Vinculin is a ubiquitous cytoskeletal protein associated with cell adhesion and cell migration. A recent study carried out by a research group at St. Jude Children’s Research Hospital seems to indicate that the ability of vinculin to undergo precise changes in its shape may be central to understanding how the protein carries out such various roles. Such an understanding could have a tremendous impact on the medical world because the protein, which facilitates the movement of cells during embryonic development and for wound healing, also apparently plays a key role in the metastasis of cancers. According to the findings of the St.
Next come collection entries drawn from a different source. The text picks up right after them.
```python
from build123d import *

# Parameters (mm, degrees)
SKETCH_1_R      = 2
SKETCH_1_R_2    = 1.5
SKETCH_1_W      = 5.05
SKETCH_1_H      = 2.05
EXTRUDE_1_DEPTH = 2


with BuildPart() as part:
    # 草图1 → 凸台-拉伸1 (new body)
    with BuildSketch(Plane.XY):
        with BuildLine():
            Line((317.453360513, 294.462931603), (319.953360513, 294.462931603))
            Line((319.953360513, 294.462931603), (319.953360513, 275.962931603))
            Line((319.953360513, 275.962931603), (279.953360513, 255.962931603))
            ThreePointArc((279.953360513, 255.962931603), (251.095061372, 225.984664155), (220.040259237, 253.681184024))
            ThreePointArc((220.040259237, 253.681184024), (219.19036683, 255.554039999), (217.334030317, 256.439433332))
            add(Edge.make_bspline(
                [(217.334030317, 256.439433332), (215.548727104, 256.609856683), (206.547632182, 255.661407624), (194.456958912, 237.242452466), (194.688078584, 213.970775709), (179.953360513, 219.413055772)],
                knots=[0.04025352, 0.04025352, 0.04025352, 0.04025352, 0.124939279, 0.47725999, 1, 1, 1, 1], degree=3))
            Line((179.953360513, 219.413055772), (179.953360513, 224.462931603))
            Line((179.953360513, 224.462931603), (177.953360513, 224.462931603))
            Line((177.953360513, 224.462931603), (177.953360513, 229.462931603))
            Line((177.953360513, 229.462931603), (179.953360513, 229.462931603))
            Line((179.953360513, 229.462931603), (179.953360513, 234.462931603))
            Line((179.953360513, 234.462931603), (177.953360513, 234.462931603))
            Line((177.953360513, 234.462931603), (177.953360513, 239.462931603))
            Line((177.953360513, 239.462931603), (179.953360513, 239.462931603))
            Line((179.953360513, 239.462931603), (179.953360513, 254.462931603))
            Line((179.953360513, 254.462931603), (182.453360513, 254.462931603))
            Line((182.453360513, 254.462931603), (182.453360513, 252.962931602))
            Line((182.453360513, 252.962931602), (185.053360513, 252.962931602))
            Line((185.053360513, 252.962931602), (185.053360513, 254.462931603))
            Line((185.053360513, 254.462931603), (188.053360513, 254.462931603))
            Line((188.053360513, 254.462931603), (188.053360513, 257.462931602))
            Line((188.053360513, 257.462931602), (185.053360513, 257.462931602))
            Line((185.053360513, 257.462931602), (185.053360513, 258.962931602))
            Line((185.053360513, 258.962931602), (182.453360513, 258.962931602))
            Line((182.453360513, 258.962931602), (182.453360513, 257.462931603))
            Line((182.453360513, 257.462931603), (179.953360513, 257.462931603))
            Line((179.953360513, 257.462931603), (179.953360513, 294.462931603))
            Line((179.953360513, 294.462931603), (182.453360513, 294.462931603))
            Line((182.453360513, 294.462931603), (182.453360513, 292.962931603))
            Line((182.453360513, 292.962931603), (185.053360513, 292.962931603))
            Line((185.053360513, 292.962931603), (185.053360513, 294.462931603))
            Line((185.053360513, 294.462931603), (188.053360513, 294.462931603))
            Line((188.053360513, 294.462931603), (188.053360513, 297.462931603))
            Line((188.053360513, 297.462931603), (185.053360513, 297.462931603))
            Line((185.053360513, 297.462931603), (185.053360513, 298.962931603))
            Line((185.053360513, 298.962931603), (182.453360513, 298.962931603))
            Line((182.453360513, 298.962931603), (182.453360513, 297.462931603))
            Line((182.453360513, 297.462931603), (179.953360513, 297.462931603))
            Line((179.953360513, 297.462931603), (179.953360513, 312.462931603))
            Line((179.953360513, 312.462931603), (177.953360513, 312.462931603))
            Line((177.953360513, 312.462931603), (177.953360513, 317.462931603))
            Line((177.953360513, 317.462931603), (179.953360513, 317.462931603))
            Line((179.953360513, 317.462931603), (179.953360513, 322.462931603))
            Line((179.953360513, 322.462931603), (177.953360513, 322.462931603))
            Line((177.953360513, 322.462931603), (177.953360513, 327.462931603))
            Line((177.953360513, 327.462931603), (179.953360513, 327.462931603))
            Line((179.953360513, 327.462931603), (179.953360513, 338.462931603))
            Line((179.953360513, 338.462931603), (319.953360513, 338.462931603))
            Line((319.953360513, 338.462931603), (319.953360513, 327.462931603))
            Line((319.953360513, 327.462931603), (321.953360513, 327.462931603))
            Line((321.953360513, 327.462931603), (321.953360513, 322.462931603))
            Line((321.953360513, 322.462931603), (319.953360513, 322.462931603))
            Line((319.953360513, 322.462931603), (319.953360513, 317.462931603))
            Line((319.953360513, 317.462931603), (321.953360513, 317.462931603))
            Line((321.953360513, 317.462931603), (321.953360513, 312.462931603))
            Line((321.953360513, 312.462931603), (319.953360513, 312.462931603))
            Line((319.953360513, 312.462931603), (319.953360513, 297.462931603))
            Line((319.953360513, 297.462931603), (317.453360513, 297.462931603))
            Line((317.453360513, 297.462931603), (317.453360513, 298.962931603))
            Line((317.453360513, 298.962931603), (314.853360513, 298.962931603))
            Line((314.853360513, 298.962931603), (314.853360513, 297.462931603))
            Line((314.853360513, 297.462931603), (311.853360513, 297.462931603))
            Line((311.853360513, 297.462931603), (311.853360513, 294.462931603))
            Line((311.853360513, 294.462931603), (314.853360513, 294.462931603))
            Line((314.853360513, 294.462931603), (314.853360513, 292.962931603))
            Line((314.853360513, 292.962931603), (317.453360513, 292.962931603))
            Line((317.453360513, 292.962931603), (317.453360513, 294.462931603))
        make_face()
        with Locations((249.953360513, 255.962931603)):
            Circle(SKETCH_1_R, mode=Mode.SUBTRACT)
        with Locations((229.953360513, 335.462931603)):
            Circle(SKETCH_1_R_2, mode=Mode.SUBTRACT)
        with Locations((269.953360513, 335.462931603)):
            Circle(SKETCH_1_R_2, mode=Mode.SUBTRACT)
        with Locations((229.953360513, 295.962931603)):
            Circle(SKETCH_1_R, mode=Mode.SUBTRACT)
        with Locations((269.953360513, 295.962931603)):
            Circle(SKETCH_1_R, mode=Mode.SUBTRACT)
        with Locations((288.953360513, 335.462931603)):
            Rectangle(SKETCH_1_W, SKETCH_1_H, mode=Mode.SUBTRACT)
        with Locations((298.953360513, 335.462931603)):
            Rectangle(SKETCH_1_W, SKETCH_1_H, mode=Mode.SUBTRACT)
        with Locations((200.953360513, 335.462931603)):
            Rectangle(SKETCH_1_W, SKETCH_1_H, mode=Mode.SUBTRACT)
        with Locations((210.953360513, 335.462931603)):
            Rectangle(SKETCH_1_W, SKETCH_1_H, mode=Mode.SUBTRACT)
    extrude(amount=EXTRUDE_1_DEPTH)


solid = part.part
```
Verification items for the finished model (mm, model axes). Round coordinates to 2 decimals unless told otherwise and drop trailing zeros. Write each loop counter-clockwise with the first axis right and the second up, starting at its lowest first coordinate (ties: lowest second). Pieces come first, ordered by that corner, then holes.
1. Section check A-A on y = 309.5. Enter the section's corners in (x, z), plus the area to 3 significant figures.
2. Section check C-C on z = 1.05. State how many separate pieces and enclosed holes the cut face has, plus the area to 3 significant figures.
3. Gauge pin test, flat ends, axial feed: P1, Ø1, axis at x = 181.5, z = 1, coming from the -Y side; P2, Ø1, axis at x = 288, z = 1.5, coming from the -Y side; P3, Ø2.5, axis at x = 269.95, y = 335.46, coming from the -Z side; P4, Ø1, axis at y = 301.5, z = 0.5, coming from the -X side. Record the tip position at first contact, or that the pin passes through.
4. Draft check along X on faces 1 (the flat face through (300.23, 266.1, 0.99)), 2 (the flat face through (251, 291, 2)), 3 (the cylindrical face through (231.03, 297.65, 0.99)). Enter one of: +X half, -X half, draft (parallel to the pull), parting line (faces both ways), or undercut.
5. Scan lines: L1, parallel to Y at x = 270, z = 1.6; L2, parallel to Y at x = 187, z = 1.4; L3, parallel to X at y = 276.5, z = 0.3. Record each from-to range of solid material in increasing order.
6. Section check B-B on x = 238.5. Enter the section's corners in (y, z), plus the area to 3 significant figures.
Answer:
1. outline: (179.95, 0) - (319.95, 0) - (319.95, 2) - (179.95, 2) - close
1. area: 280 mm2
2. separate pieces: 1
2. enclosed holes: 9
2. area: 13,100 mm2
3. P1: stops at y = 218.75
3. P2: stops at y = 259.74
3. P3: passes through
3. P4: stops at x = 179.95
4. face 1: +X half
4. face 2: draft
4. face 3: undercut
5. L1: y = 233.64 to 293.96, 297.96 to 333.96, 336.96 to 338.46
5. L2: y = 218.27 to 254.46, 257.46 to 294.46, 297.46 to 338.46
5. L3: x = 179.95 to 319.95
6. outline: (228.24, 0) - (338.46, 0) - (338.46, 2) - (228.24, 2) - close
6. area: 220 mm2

Jude study, vinculin alters its shape by moving the individual helical cylinder-like structures comprising its head in a process dubbed helical bundle conversion, which is sparked by the binding of one of two different proteins to the region. Talin apparently incites a shape change that is necessary for vinculin’s ability to anchor cells to the extracellular matrix, whereas the shape alteration caused by the presence of alpha-actinin facilitates the protein's ability to stabilize cadherin and, consequently, accumulate to form tissues and organs.

The culture of horse dermal fibroblast cells presented in the digital image above was immunofluorescently labeled with anti-vinculin mouse monoclonal primary antibodies followed by goat anti-mouse Fab fragments conjugated to Alexa Fluor 568 (yielding red emission). In addition, the specimen was simultaneously stained for DNA with Hoechst 33342 (blue emission), and for the cytoskeletal filamentous actin network with Alexa Fluor 488 (green emission) conjugated to phalloidin. Images were recorded in grayscale with a QImaging Retiga Fast-EXi camera system coupled to an Olympus BX-51 microscope equipped with bandpass emission fluorescence filter optical blocks provided by Omega Optical. During the processing stage, individual image channels were pseudocolored with RGB values corresponding to each of the fluorophore emission spectral profiles.